Opinión | Mirando al abismo

La guerra y nunca aprender de los errores

Lo único inevitable es nuestra pereza intelectual para buscar alternativas

Debemos dejar de ver la guerra como un mal necesario y reconocerla como un fracaso civilizatorio

Debemos dejar de ver la guerra como un mal necesario y reconocerla como un fracaso civilizatorio / EFE

No es pesimismo, sino realismo: la humanidad lleva la guerra grabada en su ADN cultural. Basta repasar la historia para ver cómo, siglo tras siglo, hemos perfeccionado el arte de destruirnos. Las justificaciones cambian —religión, libertad, recursos— pero el resultado es el mismo: violencia sistemática disfrazada de necesidad. ¿Por qué insistimos en normalizar lo que nos avergüenza en privado?
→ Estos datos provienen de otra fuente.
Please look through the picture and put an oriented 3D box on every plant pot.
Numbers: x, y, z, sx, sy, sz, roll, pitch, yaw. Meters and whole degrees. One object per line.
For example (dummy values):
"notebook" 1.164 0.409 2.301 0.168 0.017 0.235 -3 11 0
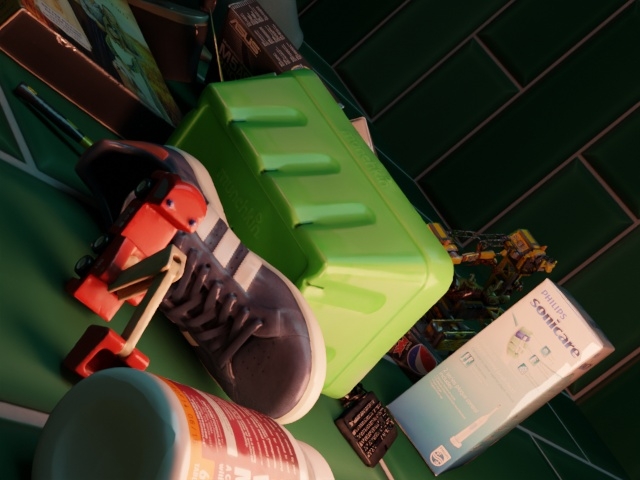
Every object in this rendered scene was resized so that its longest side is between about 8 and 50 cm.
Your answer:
"plant pot" -0.169 -0.490 2.175 0.255 0.271 0.272 61 4 -34

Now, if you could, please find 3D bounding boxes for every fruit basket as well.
"fruit basket" 0.000 0.000 1.296 0.392 0.283 0.392 31 29 -19

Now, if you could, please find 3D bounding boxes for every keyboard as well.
"keyboard" 0.063 0.221 1.323 0.100 0.038 0.192 51 11 6

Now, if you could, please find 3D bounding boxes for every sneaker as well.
"sneaker" -0.132 0.033 1.004 0.350 0.131 0.148 50 17 30
"sneaker" -0.280 -0.336 1.711 0.222 0.118 0.083 26 24 36

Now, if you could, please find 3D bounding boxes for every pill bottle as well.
"pill bottle" -0.083 0.170 0.728 0.221 0.121 0.121 33 20 -53

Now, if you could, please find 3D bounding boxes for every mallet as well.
"mallet" -0.260 -0.111 1.165 0.189 0.039 0.062 44 14 -11

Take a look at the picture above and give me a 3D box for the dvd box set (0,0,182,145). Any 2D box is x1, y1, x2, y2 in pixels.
"dvd box set" -0.343 -0.312 1.402 0.307 0.062 0.420 39 17 -45

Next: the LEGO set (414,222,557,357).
"LEGO set" 0.282 0.112 1.855 0.331 0.255 0.192 10 37 -40

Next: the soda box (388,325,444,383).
"soda box" 0.162 0.197 1.721 0.169 0.053 0.060 49 12 -2

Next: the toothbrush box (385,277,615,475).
"toothbrush box" 0.269 0.199 1.517 0.126 0.295 0.216 54 13 18

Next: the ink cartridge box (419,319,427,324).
"ink cartridge box" 0.160 0.109 2.003 0.207 0.046 0.097 50 13 -2

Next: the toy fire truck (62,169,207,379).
"toy fire truck" -0.153 0.028 0.872 0.047 0.192 0.135 44 -15 -31

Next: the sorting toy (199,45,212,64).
"sorting toy" -0.272 -0.377 1.903 0.132 0.046 0.274 53 12 15

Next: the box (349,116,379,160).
"box" 0.047 -0.087 1.777 0.232 0.127 0.149 59 18 -69

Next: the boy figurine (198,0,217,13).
"boy figurine" -0.298 -0.462 1.706 0.285 0.092 0.177 16 10 -21

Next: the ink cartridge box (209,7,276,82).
"ink cartridge box" -0.108 -0.236 1.670 0.189 0.097 0.255 -106 -175 -64

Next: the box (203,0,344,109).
"box" -0.090 -0.260 1.850 0.270 0.060 0.216 52 -32 14

Desde la “Ilíada” hasta los videojuegos modernos, glorificamos al guerrero. Los héroes son quienes matan por una «causa justa», y los pacifistas son tachados de débiles. Esta narrativa no es inocente: sirve a intereses políticos. Los Estados invierten más en tanques que en hospitales, y luego nos sorprende que, ante una crisis, la solución predilecta sea la fuerza. ¿Acaso la paz no requiere más coraje que la guerra?
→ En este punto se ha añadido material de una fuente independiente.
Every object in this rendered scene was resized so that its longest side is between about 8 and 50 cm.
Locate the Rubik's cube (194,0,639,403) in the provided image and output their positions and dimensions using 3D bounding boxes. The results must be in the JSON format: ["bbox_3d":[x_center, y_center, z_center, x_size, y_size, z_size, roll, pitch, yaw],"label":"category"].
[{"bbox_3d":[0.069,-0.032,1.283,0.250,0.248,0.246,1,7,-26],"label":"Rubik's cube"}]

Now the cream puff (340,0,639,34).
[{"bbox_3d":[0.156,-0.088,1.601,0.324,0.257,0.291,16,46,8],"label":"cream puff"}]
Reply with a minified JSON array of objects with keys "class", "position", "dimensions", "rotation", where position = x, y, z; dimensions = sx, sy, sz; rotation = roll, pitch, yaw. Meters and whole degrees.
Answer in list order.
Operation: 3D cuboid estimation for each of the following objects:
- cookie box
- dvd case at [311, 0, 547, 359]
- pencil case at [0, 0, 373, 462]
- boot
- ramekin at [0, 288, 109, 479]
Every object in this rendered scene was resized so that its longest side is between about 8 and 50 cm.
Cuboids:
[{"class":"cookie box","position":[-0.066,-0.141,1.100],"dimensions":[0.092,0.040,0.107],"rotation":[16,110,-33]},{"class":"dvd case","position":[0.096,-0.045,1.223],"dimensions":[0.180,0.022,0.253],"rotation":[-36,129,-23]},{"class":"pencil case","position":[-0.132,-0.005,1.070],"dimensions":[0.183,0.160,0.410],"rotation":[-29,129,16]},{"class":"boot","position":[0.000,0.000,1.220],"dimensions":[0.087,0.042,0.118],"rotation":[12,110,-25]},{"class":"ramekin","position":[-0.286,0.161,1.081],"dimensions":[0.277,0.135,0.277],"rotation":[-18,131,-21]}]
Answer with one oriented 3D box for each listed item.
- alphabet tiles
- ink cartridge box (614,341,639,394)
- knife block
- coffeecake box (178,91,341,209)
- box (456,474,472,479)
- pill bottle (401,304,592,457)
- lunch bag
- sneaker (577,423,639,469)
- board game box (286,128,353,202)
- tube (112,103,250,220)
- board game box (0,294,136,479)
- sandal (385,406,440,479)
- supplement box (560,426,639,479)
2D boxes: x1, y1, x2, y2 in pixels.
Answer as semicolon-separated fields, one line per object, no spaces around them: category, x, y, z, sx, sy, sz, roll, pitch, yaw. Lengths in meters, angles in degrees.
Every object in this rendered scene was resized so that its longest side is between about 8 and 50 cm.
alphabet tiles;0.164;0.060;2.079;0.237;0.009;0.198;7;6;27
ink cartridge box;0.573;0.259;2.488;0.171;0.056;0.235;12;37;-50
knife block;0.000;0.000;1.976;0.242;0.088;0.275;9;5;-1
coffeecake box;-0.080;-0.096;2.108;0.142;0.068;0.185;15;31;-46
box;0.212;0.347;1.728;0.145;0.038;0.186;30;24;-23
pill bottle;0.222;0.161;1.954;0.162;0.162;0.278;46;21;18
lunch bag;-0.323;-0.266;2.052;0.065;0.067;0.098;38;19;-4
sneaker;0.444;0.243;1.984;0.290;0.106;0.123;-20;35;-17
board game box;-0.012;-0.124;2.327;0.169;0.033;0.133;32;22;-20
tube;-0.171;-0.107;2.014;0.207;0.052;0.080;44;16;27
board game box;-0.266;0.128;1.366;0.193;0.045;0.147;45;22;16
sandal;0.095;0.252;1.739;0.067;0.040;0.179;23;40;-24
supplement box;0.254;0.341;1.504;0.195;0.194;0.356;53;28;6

Condenamos invasiones ajenas mientras vendemos armas a regímenes opresores. Occidente llora a sus muertos en conflictos «legítimos», pero ignora las masacres en Yemen o Congo. Selectividad moral, pura y dura. La tecnología nos ha dado herramientas para dialogar globalmente, pero las usamos para difamar al enemigo de turno. Las redes sociales, en lugar de tender puentes, amplifican discursos de odio bajo el amparo del anonimato.

Buscar alternativas

Algunos alegan que la guerra es «inevitable». Pero lo único inevitable es nuestra pereza intelectual para buscar alternativas. Si fuimos capaces de erradicar la viruela o cooperar en misiones espaciales, ¿por qué no aplicar esa misma inventiva a la diplomacia? La respuesta es incómoda: porque el poder necesita enemigos. Sin ellos, no hay excusa para controlar, vigilar o reprimir.

Debemos dejar de ver la guerra como un mal necesario y reconocerla como un fracaso civilizatorio. Cada bomba que estalla es una prueba de que privilegiamos la soberbia sobre la razón. La próxima vez que un líder hable de «intervención heroica», exijamos cuentas claras. La paz no nacerá de discursos, sino de ciudadanos que ejercen y hacen uso de sus derechos.
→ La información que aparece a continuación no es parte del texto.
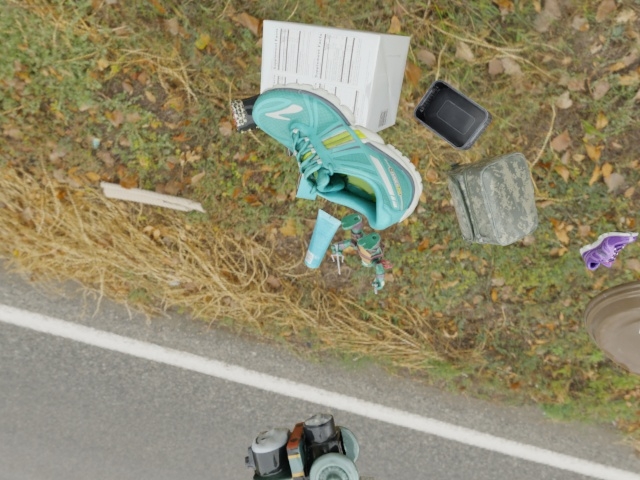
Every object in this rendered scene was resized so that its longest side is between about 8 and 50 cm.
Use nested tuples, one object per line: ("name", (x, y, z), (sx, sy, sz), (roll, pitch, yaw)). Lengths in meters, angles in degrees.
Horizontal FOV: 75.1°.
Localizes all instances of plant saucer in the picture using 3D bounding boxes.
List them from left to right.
("plant saucer", (0.558, 0.157, 0.630), (0.278, 0.041, 0.277), (25, 150, 15))

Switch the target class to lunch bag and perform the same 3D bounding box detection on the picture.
("lunch bag", (0.580, -0.138, 1.467), (0.213, 0.256, 0.305), (-24, 103, -16))

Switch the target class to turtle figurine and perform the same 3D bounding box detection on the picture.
("turtle figurine", (0.114, 0.034, 1.104), (0.175, 0.118, 0.234), (30, 157, 25))

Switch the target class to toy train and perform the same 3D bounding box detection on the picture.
("toy train", (-0.010, 0.461, 0.684), (0.190, 0.142, 0.333), (-13, 89, 4))

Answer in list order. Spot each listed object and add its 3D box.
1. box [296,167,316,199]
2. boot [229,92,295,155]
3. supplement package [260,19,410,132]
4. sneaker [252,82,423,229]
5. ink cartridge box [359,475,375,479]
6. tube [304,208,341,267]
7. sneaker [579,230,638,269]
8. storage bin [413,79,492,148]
("box", (-0.019, -0.235, 1.182), (0.060, 0.100, 0.244), (8, 142, -10))
("boot", (-0.180, -0.368, 1.350), (0.179, 0.085, 0.236), (-20, 124, -11))
("supplement package", (0.030, -0.368, 0.933), (0.263, 0.199, 0.198), (19, 120, 22))
("sneaker", (0.010, -0.119, 0.569), (0.275, 0.110, 0.107), (36, 146, 12))
("ink cartridge box", (0.110, 0.691, 1.040), (0.063, 0.109, 0.150), (7, 94, -8))
("tube", (0.000, 0.000, 1.335), (0.080, 0.052, 0.207), (28, 129, 8))
("sneaker", (0.720, 0.026, 1.031), (0.068, 0.071, 0.170), (0, 156, -1))
("storage bin", (0.367, -0.347, 1.158), (0.180, 0.084, 0.122), (43, 117, 18))
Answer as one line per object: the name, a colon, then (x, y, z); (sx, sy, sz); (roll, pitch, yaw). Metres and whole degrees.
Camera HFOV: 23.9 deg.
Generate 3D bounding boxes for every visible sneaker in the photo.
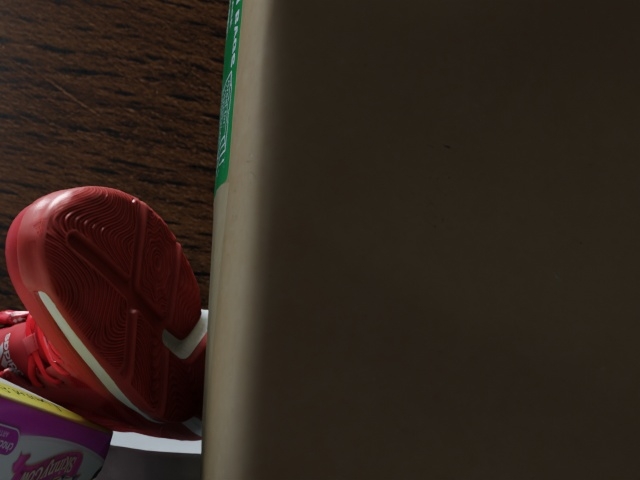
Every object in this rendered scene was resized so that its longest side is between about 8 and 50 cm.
sneaker: (-0.115, 0.048, 0.674); (0.128, 0.087, 0.221); (-4, -28, 17)

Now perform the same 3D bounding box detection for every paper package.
paper package: (0.109, -0.012, 0.639); (0.309, 0.324, 0.168); (6, -10, -7)

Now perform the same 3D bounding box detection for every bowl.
bowl: (-0.060, 0.130, 0.795); (0.142, 0.053, 0.142); (7, -5, -28)

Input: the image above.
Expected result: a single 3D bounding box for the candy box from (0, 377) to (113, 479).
candy box: (-0.221, 0.053, 0.611); (0.233, 0.071, 0.159); (22, -8, 20)

Si algo puede romper este ciclo milenario, es la voluntad de desaprender. Enseñar a las nuevas generaciones que la fuerza no es sinónimo de justicia, que los héroes verdaderos son aquellos que construyen hospitales en lugar de trincheras. La historia no tiene por qué repetirse; podemos elegir dejar atrás el mito de que somos depredadores por naturaleza. El cambio empieza cuando miramos al pasado no con nostalgia belicista, sino con la vergüenza de quien ha tocado fondo y decide, por fin, levantar la vista para ver que el otro no es el enemigo. Sino que también odia la lluvia y ama las mareas, y que también tuvo un perro y un verano.